In an embodiment, a portion of a hydrocarbon containing formation may be heated to increase a partial pressure of H2. In some embodiments, an increased H2 partial pressure may include H2 partial pressures in a range from about 0.5 bars to about 7 bars. Alternatively, an increased H2 partial pressure range may include H2 partial pressures in a range from about 5 bars to about 7 bars. For example, a majority of hydrocarbon fluids may be produced wherein a H2 partial pressure is within a range of about 5 bars to about 7 bars. A range of H2 partial pressures within the pyrolysis H2 partial pressure range may vary depending on, for example, temperature and pressure of the heated portion of the formation.
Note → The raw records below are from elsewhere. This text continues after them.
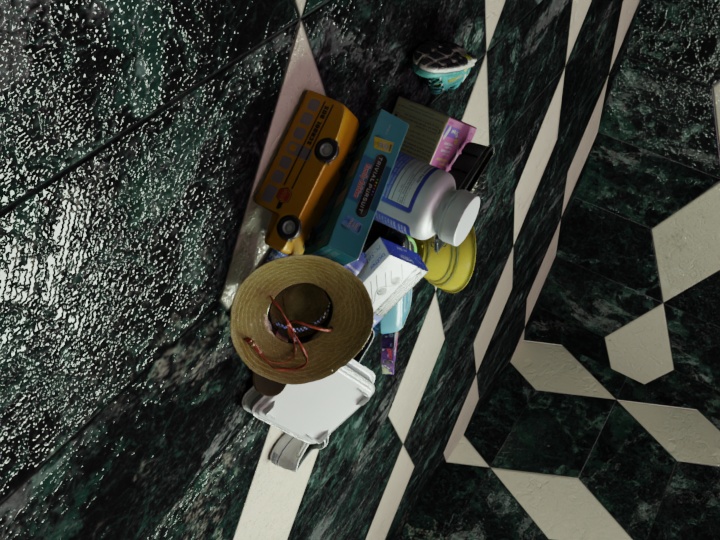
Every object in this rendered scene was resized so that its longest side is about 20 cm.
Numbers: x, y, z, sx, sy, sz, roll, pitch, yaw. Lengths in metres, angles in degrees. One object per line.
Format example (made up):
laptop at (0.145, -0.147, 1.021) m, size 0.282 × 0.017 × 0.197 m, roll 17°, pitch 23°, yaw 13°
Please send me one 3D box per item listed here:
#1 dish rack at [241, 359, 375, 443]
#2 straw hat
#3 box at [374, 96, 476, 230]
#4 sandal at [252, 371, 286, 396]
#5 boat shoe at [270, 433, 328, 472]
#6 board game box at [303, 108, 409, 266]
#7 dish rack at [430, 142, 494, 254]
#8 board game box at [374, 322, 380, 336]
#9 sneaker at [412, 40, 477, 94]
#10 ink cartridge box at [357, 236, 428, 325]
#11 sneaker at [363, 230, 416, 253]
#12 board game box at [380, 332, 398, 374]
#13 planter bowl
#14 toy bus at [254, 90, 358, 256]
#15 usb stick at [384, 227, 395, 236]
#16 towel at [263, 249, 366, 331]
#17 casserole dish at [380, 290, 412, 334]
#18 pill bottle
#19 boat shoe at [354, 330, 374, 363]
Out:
dish rack at (-0.074, 0.205, 1.343) m, size 0.172 × 0.044 × 0.200 m, roll -42°, pitch 135°, yaw 8°
straw hat at (-0.082, 0.049, 1.133) m, size 0.085 × 0.201 × 0.201 m, roll -96°, pitch -160°, yaw -63°
box at (0.097, -0.174, 1.413) m, size 0.200 × 0.097 × 0.176 m, roll -67°, pitch 161°, yaw 11°
sandal at (-0.116, 0.082, 1.253) m, size 0.212 × 0.078 × 0.070 m, roll -71°, pitch -164°, yaw -8°
boat shoe at (-0.091, 0.314, 1.590) m, size 0.200 × 0.065 × 0.074 m, roll -44°, pitch 152°, yaw -45°
board game box at (-0.015, -0.099, 1.124) m, size 0.151 × 0.047 × 0.200 m, roll -22°, pitch -135°, yaw 67°
dish rack at (0.173, -0.118, 1.457) m, size 0.153 × 0.055 × 0.200 m, roll -56°, pitch 160°, yaw -22°
board game box at (-0.021, 0.142, 1.547) m, size 0.200 × 0.026 × 0.200 m, roll -52°, pitch 166°, yaw -13°
sneaker at (0.136, -0.324, 1.367) m, size 0.200 × 0.077 × 0.080 m, roll -25°, pitch 146°, yaw -62°
ink cartridge box at (0.005, 0.043, 1.313) m, size 0.094 × 0.044 × 0.200 m, roll 21°, pitch 121°, yaw -42°
sneaker at (0.000, 0.000, 1.363) m, size 0.200 × 0.077 × 0.084 m, roll -41°, pitch 156°, yaw -2°
board game box at (0.064, 0.091, 1.653) m, size 0.120 × 0.032 × 0.200 m, roll 93°, pitch 5°, yaw -60°
planter bowl at (0.135, -0.052, 1.623) m, size 0.083 × 0.200 × 0.201 m, roll -5°, pitch 127°, yaw -26°
toy bus at (-0.071, -0.120, 1.067) m, size 0.200 × 0.078 × 0.065 m, roll -64°, pitch 162°, yaw 0°
usb stick at (0.084, -0.117, 1.546) m, size 0.055 × 0.033 × 0.200 m, roll -27°, pitch 140°, yaw -77°
towel at (-0.082, 0.023, 1.197) m, size 0.145 × 0.024 × 0.200 m, roll 42°, pitch 71°, yaw -35°
casserole dish at (0.068, 0.025, 1.510) m, size 0.121 × 0.039 × 0.200 m, roll -64°, pitch 158°, yaw -55°
pill bottle at (0.075, -0.114, 1.270) m, size 0.112 × 0.200 × 0.112 m, roll -52°, pitch 158°, yaw -31°
boat shoe at (-0.045, 0.165, 1.405) m, size 0.073 × 0.063 × 0.200 m, roll 39°, pitch 80°, yaw -42°
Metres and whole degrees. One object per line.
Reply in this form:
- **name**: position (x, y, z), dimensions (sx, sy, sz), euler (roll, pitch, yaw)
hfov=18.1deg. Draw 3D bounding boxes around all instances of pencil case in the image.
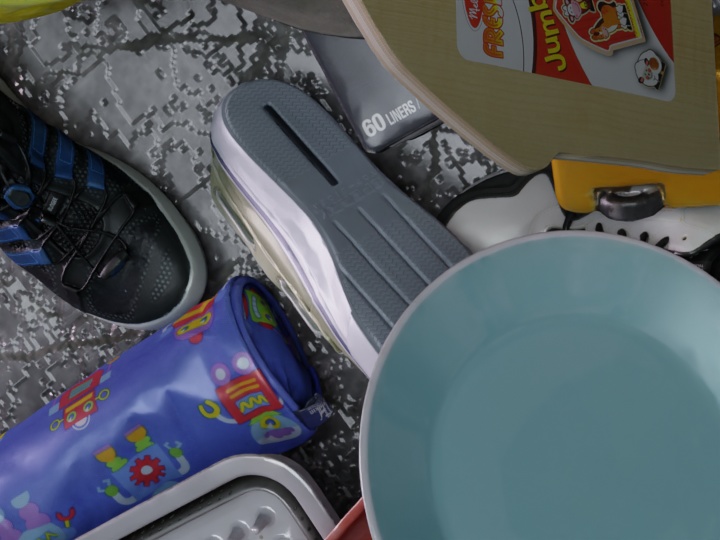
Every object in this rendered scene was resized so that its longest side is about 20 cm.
- **pencil case**: position (-0.106, 0.084, 1.061), dimensions (0.199, 0.078, 0.087), euler (-33, 121, 15)

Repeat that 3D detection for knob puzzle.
- **knob puzzle**: position (0.052, -0.132, 0.873), dimensions (0.030, 0.219, 0.221), euler (-19, 95, 53)

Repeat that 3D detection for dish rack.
- **dish rack**: position (-0.066, 0.179, 1.025), dimensions (0.199, 0.044, 0.172), euler (-29, 97, 23)

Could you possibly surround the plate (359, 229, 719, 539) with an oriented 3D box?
- **plate**: position (0.093, 0.082, 0.912), dimensions (0.199, 0.026, 0.202), euler (5, 71, -13)

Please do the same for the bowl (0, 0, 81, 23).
- **bowl**: position (-0.186, -0.188, 1.011), dimensions (0.201, 0.200, 0.108), euler (55, 148, 1)

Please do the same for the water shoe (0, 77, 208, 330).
- **water shoe**: position (-0.163, -0.037, 1.054), dimensions (0.200, 0.079, 0.072), euler (38, 105, 6)

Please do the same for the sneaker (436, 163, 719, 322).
- **sneaker**: position (0.122, -0.010, 0.990), dimensions (0.199, 0.080, 0.074), euler (0, 101, 16)

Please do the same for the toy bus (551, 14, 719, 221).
- **toy bus**: position (0.181, -0.071, 0.957), dimensions (0.199, 0.078, 0.065), euler (-4, 118, 12)

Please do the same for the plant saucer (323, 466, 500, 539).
- **plant saucer**: position (0.038, 0.204, 0.962), dimensions (0.200, 0.037, 0.200), euler (40, 114, 1)

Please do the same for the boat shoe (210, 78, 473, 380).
- **boat shoe**: position (0.000, 0.000, 1.009), dimensions (0.200, 0.072, 0.062), euler (54, 151, 24)

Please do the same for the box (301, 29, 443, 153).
- **box**: position (0.017, -0.168, 0.976), dimensions (0.122, 0.106, 0.201), euler (-29, 90, 16)

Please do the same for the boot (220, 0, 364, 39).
- **boot**: position (-0.058, -0.127, 0.880), dimensions (0.199, 0.131, 0.068), euler (12, 103, 15)
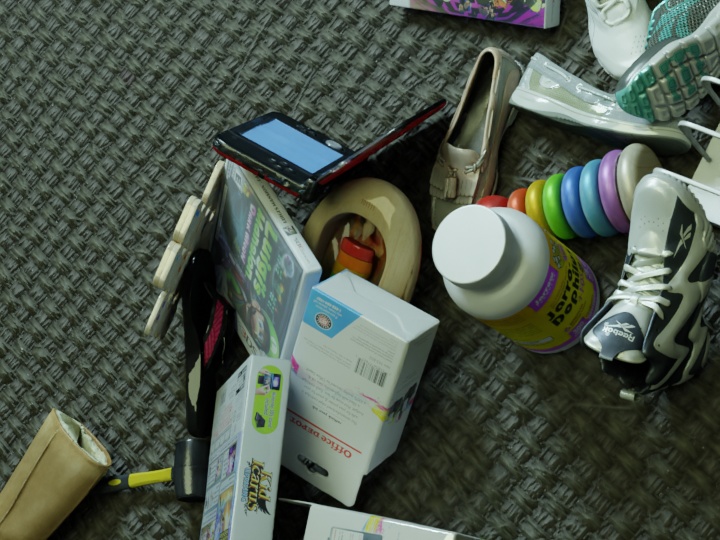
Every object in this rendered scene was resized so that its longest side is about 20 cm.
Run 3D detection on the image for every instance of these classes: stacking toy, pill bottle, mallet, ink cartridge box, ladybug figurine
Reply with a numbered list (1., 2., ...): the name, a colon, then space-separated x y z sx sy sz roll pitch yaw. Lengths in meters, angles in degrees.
1. stacking toy: 0.195 -0.062 1.565 0.199 0.085 0.086 -12 68 34
2. pill bottle: 0.142 0.005 1.491 0.103 0.200 0.105 -10 69 27
3. mallet: -0.242 0.218 1.748 0.199 0.041 0.067 -5 72 33
4. ink cartridge box: -0.011 0.117 1.583 0.115 0.068 0.201 29 120 21
5. ladybug figurine: 0.000 0.000 1.633 0.135 0.072 0.201 32 111 22
6. ink cartridge box: 0.022 0.269 1.523 0.199 0.117 0.068 6 79 32

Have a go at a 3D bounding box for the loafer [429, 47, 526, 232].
1. loafer: 0.110 -0.131 1.639 0.071 0.063 0.202 16 82 34

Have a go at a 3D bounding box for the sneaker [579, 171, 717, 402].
1. sneaker: 0.248 0.024 1.413 0.079 0.129 0.201 18 123 35

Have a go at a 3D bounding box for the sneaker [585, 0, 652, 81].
1. sneaker: 0.245 -0.279 1.595 0.074 0.087 0.202 -21 65 21

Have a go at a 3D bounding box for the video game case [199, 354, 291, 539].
1. video game case: -0.117 0.194 1.600 0.045 0.200 0.183 10 74 -12

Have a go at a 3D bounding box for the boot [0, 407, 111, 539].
1. boot: -0.383 0.236 1.793 0.175 0.066 0.201 41 105 21

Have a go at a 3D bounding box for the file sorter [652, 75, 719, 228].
1. file sorter: 0.374 -0.137 1.449 0.138 0.124 0.201 25 87 33

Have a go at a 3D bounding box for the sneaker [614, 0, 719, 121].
1. sneaker: 0.302 -0.214 1.528 0.200 0.078 0.091 -38 40 -23

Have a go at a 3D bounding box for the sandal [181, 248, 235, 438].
1. sandal: -0.157 0.077 1.715 0.045 0.075 0.202 -1 88 18

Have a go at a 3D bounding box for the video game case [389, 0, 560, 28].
1. video game case: 0.121 -0.356 1.675 0.199 0.036 0.183 15 113 33

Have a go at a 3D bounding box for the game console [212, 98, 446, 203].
1. game console: -0.029 -0.149 1.629 0.171 0.200 0.119 29 109 8

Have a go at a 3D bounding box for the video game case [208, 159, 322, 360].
1. video game case: -0.106 0.001 1.669 0.182 0.023 0.201 57 148 31

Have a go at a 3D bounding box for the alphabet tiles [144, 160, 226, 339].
1. alphabet tiles: -0.183 -0.021 1.705 0.014 0.200 0.197 23 86 3

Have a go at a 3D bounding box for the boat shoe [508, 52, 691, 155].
1. boat shoe: 0.237 -0.162 1.570 0.201 0.074 0.065 22 90 41

Maintaining a H2 partial pressure within the formation of greater than atmospheric pressure may increase an API value of produced condensable hydrocarbon fluids. Maintaining an increased H2 partial pressure may increase an API value of produced condensable hydrocarbon fluids to greater than about 25° or, in some instances,

greater than about 30°. Maintaining an increased H2 partial pressure within a heated portion of a hydrocarbon containing formation may increase a concentration of H2 within the heated portion. The H2 may be available to react with pyrolyzed components of the hydrocarbons. Reaction of H2 with the pyrolyzed components of hydrocarbons may reduce polymerization of olefins into tars and other cross-linked, difficult to upgrade, products.

Therefore, production of hydrocarbon fluids having low API gravity values may be inhibited.

Further modifications and alternative embodiments of various aspects of the invention may be apparent to those skilled in the art in view of this description. Accordingly, this description is to be construed as illustrative only and is for the purpose of teaching those skilled in the art the general manner of carrying out the invention. It is to be understood that the forms of the invention shown and described herein are to be taken as the presently preferred embodiments. Elements and materials may be substituted for those illustrated and described herein, parts and processes may be reversed, and certain features of the invention may be utilized independently, all as would be apparent to one skilled in the art after having the benefit of this description of the invention. Changes may be made in the elements described herein without departing from the spirit and scope of the invention as described in the following claims. In addition, it is to be understood that features described herein independently may, in certain embodiments, be combined.